After picking out which beer he's going to buy Killian, Hecker asked Mueller about his fighting game roots and how he thinks SpyParty fits into the fighting game community.

"There's always this feeling that there's some way I can improve, and every time I meet a personal goal, I find another one," Mueller tells Hecker. "I couldn't really look at the game and decide to be a top player, I just wanted to continue to improve – and at some point, I guess I got pretty decent at it. Now that you mention it, 6,000 games is a lot."

Yeah, it is.



Mueller played Street Fighter 2 on SNES as a kid, but didn't really get into fighting games until his friend introduced him to the Guilty Gear series. By 2008 he was deep into online matches of BlazBlue: Calamity Trigger.

"I had played a lot of non-fighters online in the past, primarily Counter-Strike," Mueller says. "The fighting community is so different. Since fighters rely on more than a purely twitch-response skill set, fighting game players tend to be more knowledgable about the games they play. In a shooter, you only need to know map layout, relative weapon strengths/weaknesses, and how to quickly shoot someone in the head the second you see them. In fighting games, success depends on a large variety of information, most of which is not immediately apparent or available."

That's where SpyParty is a different. It comes with a dossier, a manual that must be read before diving in that outlines gameplay and each character's unique traits. The information is all there for everyone to see, and players simply have to put it to use – or not so simply, Mueller says.

"I don't mind doing homework for games, so long as there is a reward at the end of it," he says. "If players put hundreds of hours into studying the dossier behaviors, but are unable to apply that to real games, then it will have failed as a feature. So it needs to be deep and effective to ensure that players benefit from doing their homework."


SpyParty EVO thang thang

This premise – acquiring deep knowledge, putting it to practical use, spotting the human in a room of robots – intrigues Mueller endlessly (or at least for 1,020 hours), and it caught his attention right away at the EVO 2012 Indie Showcase.

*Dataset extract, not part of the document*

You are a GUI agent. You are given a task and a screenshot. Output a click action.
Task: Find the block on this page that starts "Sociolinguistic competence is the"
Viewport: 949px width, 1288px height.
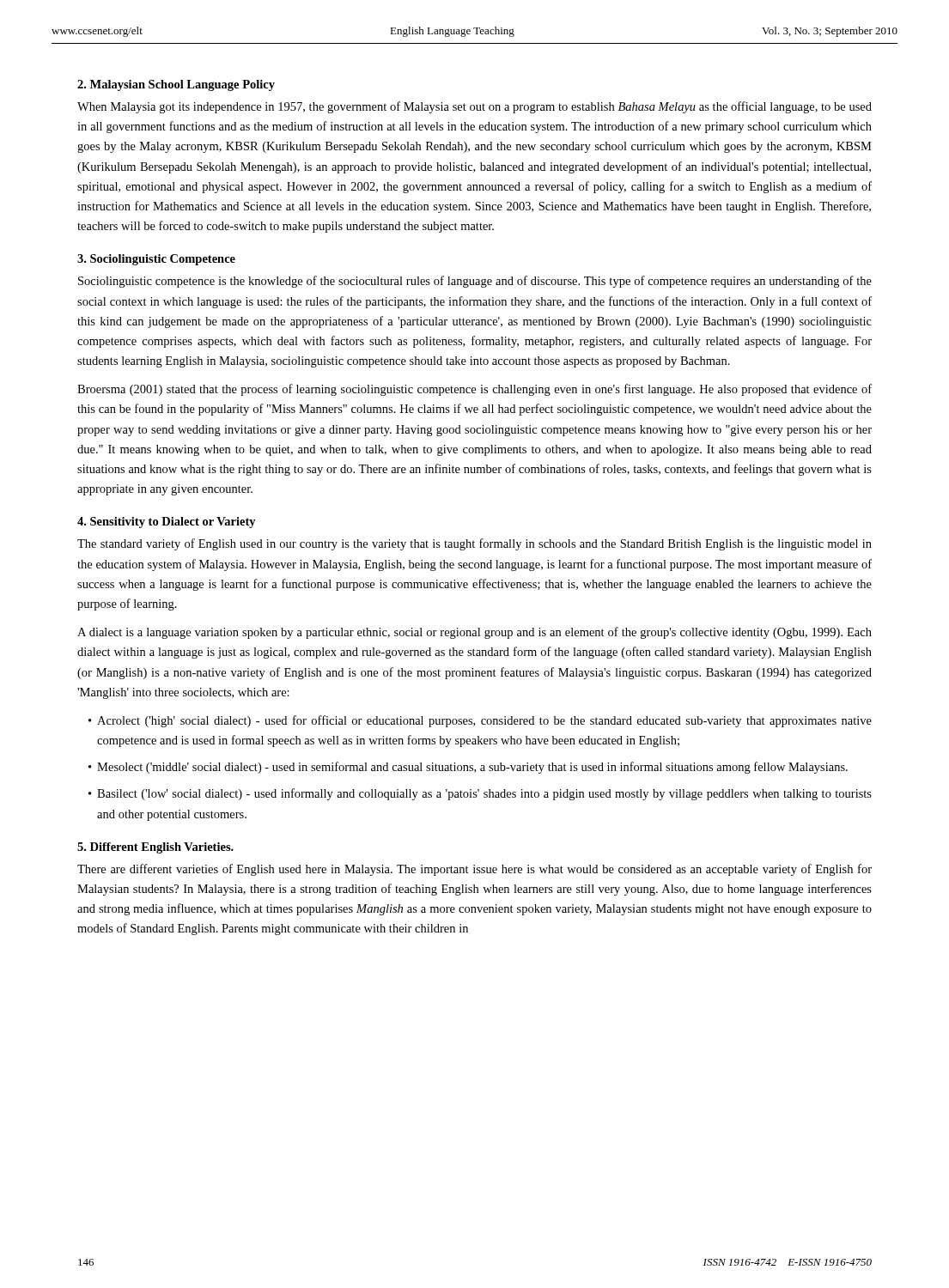[x=474, y=321]

"In the midst of all of these high-tech and visually stunning games (Right across from PlayStation All-Stars' booth, if I recall) was this sort of ugly game which looked like The Sims from 2002," Mueller says. "I'm not a graphics whore or anything, but the game just felt very out of place. It seemed as far removed from fighting games as was possible. It caught my eye immediately. I wandered over, and there's just this table of pamphlets and a sign telling me to read the manual first. Read the manual? What? So I pocketed a manual to read later, walked up to the guy standing next to the table, and asked, 'So, what am I looking at here?'"

That guy was Hecker, and the rest is history.

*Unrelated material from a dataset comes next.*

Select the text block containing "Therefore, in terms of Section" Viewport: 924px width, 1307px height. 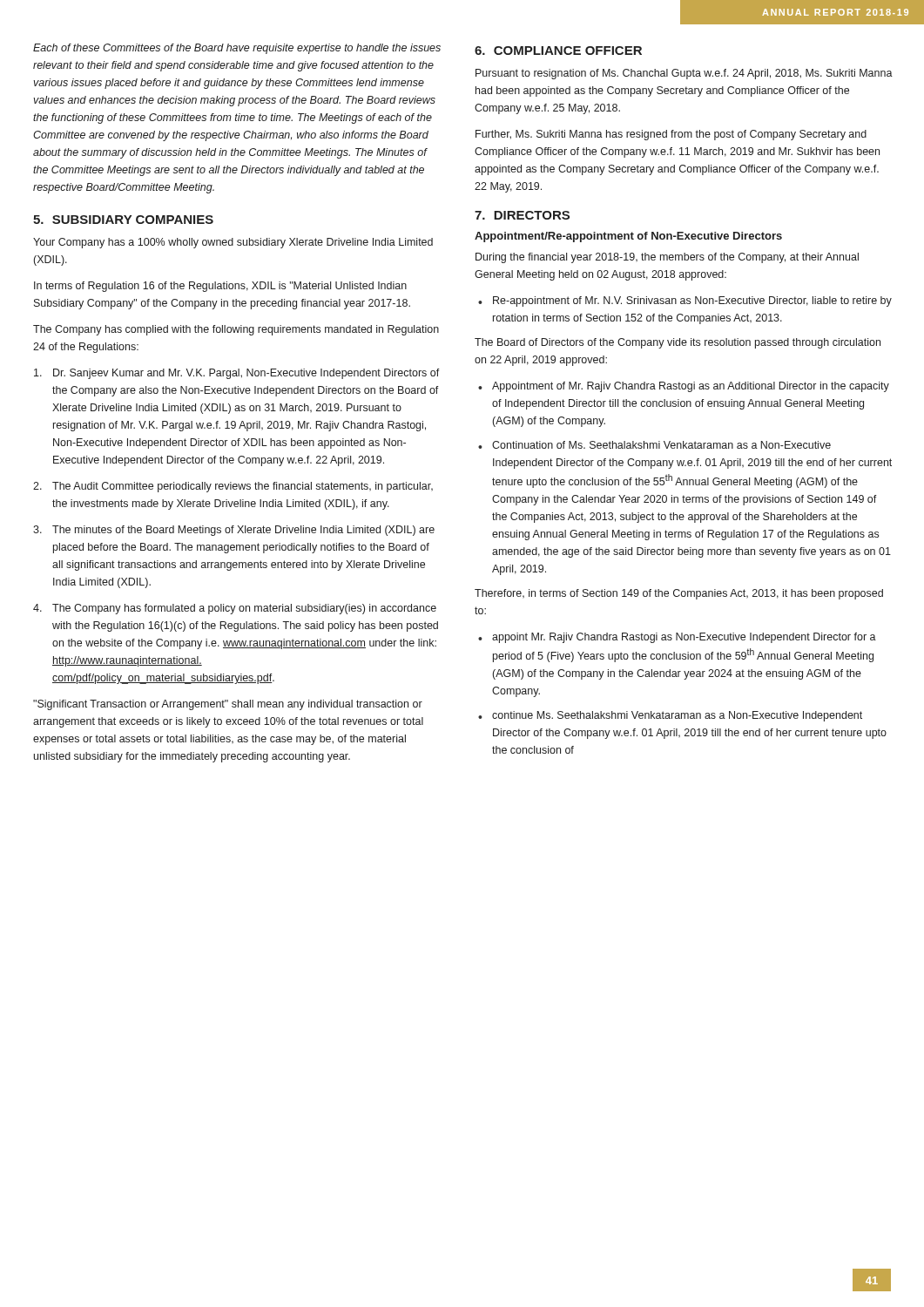tap(679, 602)

SpyParty is still in beta, and it was recently opened to the public. Regarding Mueller's thoughts on the game's art, SpyParty has been running on placeholder graphics for years now, and it's due for a super swanky update eventually.


SpyParty EVO thang thang

Mueller sees the fighting game community as a long-lasting, welcoming environment, and one that SpyParty can be a part of.

"If the SpyParty community can learn anything from [the fighting game community], it's to continue to work toward helping other players develop, and continuing to work to maintain the quality," Mueller says. "This means nurturing each new member as a valuable part of the community, and teaching each of them to uphold the high standards we set for it and ourselves right now."

You hear that, Killian? Nurturing. Maybe wipe the smug grin off your face before drinking that beer.